Wellcome Trust Sanger Institute, Wellcome Trust Genome Campus, Hinxton, CB10 1SA. UK.
Database (Oxford). 2012 Mar 20;2012:bas003. doi: 10.1093/database/bas003. Print 2012.
As the deluge of genomic DNA sequence grows the fraction of protein sequences that have been manually curated falls. In turn, as the number of laboratories with the ability to sequence genomes in a high-throughput manner grows, the informatics capability of those labs to accurately identify and annotate all genes within a genome may often be lacking. These issues have led to fears about transitive annotation errors making sequence databases less reliable. During the lifetime of the Pfam protein families database a number of protein families have been built, which were later identified as composed solely of spurious open reading frames (ORFs) either on the opposite strand or in a different, overlapping reading frame with respect to the true protein-coding or non-coding RNA gene. These families were deleted and are no longer available in Pfam. However, we realized that these may perform a useful function to identify new spurious ORFs. We have collected these families together in AntiFam along with additional custom-made families of spurious ORFs. This resource currently contains 23 families that identified 1310 spurious proteins in UniProtKB and a further 4119 spurious proteins in a collection of metagenomic sequences.
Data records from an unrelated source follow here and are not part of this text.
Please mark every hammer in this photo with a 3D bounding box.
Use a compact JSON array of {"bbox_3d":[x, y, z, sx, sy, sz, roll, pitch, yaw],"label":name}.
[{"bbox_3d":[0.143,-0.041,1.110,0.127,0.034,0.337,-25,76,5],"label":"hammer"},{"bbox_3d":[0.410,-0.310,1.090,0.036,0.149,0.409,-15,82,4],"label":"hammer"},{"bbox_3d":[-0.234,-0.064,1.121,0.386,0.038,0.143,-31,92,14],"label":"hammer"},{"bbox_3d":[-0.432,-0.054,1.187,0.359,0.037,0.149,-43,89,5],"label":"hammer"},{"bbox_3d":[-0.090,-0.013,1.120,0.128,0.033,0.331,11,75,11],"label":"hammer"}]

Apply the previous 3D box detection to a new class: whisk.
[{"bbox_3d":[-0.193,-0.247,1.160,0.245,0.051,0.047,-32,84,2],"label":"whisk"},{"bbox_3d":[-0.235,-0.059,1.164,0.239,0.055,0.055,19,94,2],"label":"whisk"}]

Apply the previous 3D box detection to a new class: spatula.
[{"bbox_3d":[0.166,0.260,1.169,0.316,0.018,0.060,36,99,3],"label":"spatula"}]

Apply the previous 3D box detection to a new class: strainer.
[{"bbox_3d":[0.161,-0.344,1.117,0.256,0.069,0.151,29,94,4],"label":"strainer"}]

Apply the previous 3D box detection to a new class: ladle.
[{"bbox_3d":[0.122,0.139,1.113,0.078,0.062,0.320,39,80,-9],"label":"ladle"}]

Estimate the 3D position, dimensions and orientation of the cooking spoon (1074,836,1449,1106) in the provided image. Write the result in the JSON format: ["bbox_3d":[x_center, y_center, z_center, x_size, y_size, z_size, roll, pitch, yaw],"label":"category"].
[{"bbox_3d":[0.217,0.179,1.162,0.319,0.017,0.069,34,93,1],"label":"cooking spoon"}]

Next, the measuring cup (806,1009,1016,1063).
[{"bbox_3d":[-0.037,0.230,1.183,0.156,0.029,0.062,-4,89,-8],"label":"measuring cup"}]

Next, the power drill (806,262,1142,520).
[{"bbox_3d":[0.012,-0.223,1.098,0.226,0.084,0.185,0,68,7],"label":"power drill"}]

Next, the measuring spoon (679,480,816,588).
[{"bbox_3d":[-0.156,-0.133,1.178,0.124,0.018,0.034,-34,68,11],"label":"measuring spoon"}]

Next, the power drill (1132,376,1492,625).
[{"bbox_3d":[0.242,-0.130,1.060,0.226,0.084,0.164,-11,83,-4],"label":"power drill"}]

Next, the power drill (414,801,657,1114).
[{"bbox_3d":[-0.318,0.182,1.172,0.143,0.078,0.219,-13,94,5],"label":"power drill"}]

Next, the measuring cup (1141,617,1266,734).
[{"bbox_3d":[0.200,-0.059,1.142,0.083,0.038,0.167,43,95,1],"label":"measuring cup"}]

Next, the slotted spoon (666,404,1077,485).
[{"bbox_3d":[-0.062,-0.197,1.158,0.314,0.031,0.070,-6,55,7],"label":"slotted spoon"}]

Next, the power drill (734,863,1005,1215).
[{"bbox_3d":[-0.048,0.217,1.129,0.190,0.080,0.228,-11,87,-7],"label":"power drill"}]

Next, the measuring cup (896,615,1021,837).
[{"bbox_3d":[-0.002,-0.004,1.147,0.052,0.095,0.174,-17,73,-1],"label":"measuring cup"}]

UniProt has adopted AntiFam as a part of the UniProtKB quality control process and will investigate these spurious proteins for exclusion.
随着基因组 DNA 序列的大量涌现,经过人工整理的蛋白质序列所占的比例下降了。反过来,随着越来越多的实验室具备高通量测序的能力,这些实验室在准确识别和注释基因组内所有基因方面的信息能力可能常常不足。这些问题导致人们担心传递性注释错误会使序列数据库变得不可靠。在 Pfam 蛋白质家族数据库的生命周期中,已经构建了许多蛋白质家族,后来发现它们仅由虚假的开放阅读框 (ORF) 组成,这些 ORF 要么位于相反的链上,要么相对于真正的蛋白质编码或非编码 RNA 基因以不同的重叠阅读框存在。这些家族已被删除,不再可用于 Pfam。然而,我们意识到这些家族可能具有识别新的虚假 ORF 的有用功能。我们已经将这些家族与其他定制的虚假 ORF 家族一起收集在 AntiFam 中。该资源目前包含 23 个家族,在 UniProtKB 中鉴定出了 1310 个虚假蛋白质,在一组宏基因组序列中鉴定出了另外 4119 个虚假蛋白质。UniProt 已将 AntiFam 作为 UniProtKB 质量控制过程的一部分,并将对这些虚假蛋白质进行排除调查。